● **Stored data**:
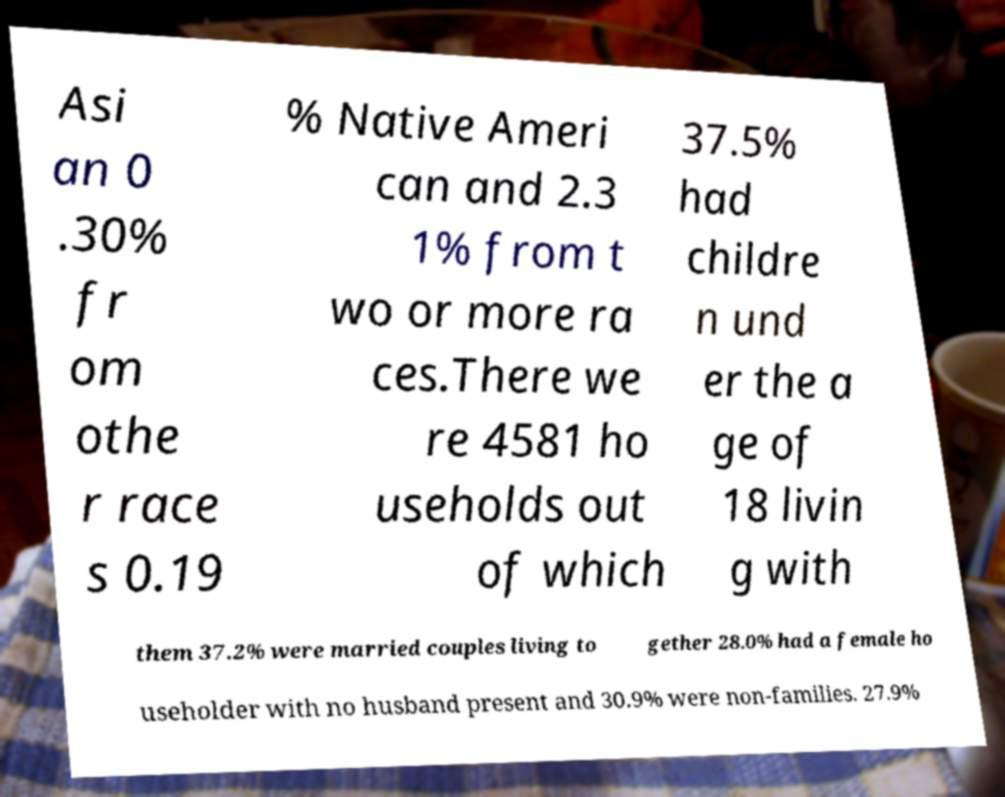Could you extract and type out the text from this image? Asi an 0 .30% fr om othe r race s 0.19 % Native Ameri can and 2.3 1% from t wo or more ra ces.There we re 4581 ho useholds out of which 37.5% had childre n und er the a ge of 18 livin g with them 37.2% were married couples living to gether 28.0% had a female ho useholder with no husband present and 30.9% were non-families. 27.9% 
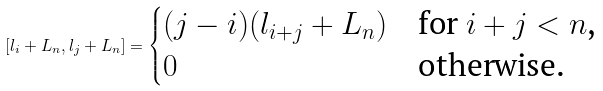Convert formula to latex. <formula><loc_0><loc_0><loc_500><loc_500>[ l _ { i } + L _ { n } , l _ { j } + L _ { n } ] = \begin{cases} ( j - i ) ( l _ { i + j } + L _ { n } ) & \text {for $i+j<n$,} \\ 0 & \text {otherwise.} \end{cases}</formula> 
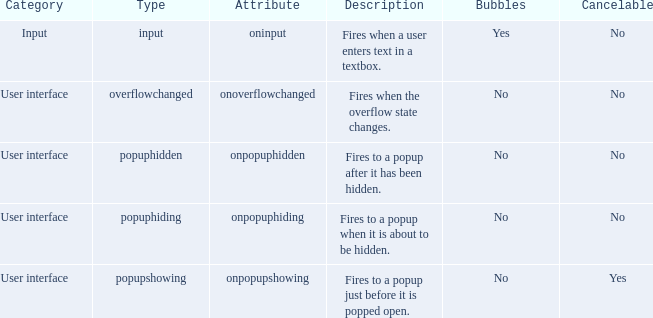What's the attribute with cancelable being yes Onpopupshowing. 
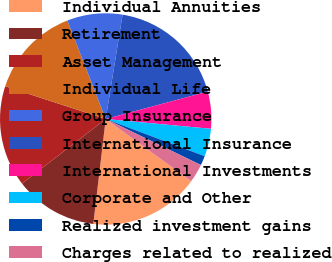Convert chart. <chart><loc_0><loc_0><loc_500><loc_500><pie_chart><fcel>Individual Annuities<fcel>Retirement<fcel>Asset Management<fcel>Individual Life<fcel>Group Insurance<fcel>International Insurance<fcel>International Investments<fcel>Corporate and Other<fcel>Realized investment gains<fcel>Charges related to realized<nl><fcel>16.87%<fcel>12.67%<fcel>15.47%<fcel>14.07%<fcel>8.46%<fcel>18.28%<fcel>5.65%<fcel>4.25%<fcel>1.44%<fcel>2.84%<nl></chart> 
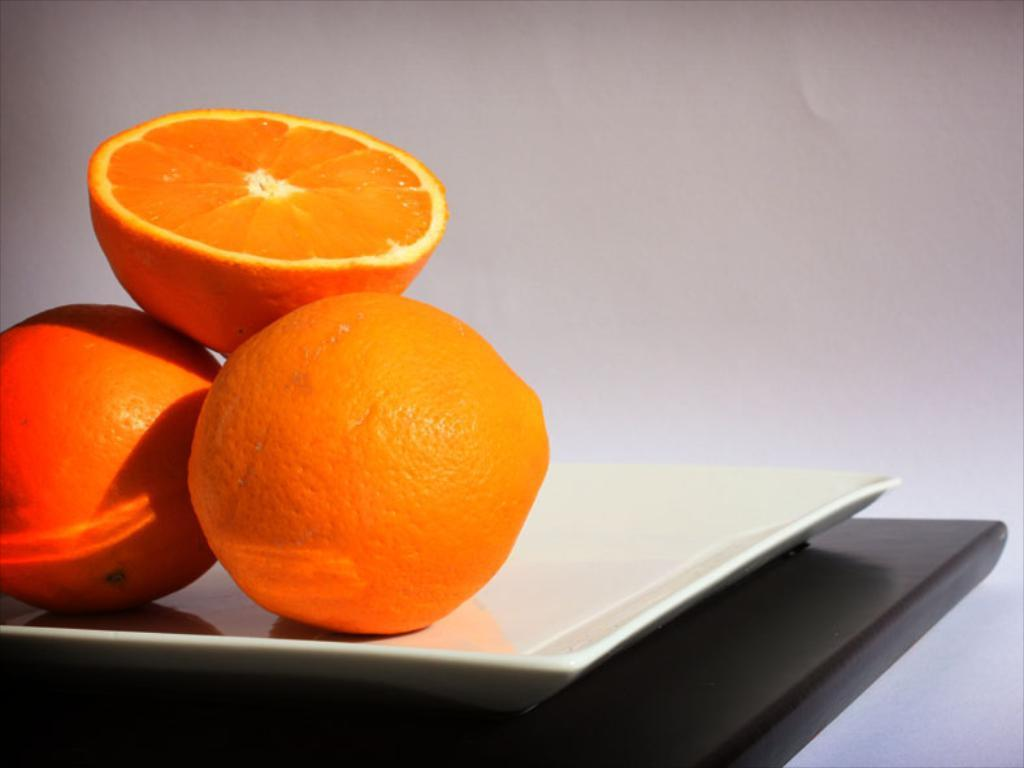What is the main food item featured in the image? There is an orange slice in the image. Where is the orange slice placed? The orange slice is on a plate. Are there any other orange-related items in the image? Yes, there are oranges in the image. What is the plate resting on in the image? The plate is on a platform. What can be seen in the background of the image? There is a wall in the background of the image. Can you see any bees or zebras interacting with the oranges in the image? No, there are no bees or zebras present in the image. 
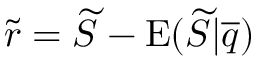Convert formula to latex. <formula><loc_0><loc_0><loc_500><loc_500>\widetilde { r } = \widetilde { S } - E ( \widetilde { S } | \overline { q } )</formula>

● **Exercise directions**: The line with "What's the attribute with cancelable being yes" marks the end: restate word for word every line from the top of the data through that one, omitting pictures.

● **Response area**:
Could you extract and type out the text from this image? Asi an 0 .30% fr om othe r race s 0.19 % Native Ameri can and 2.3 1% from t wo or more ra ces.There we re 4581 ho useholds out of which 37.5% had childre n und er the a ge of 18 livin g with them 37.2% were married couples living to gether 28.0% had a female ho useholder with no husband present and 30.9% were non-families. 27.9% 
Convert formula to latex. <formula><loc_0><loc_0><loc_500><loc_500>[ l _ { i } + L _ { n } , l _ { j } + L _ { n } ] = \begin{cases} ( j - i ) ( l _ { i + j } + L _ { n } ) & \text {for $i+j<n$,} \\ 0 & \text {otherwise.} \end{cases}</formula> 
What's the attribute with cancelable being yes Onpopupshowing. 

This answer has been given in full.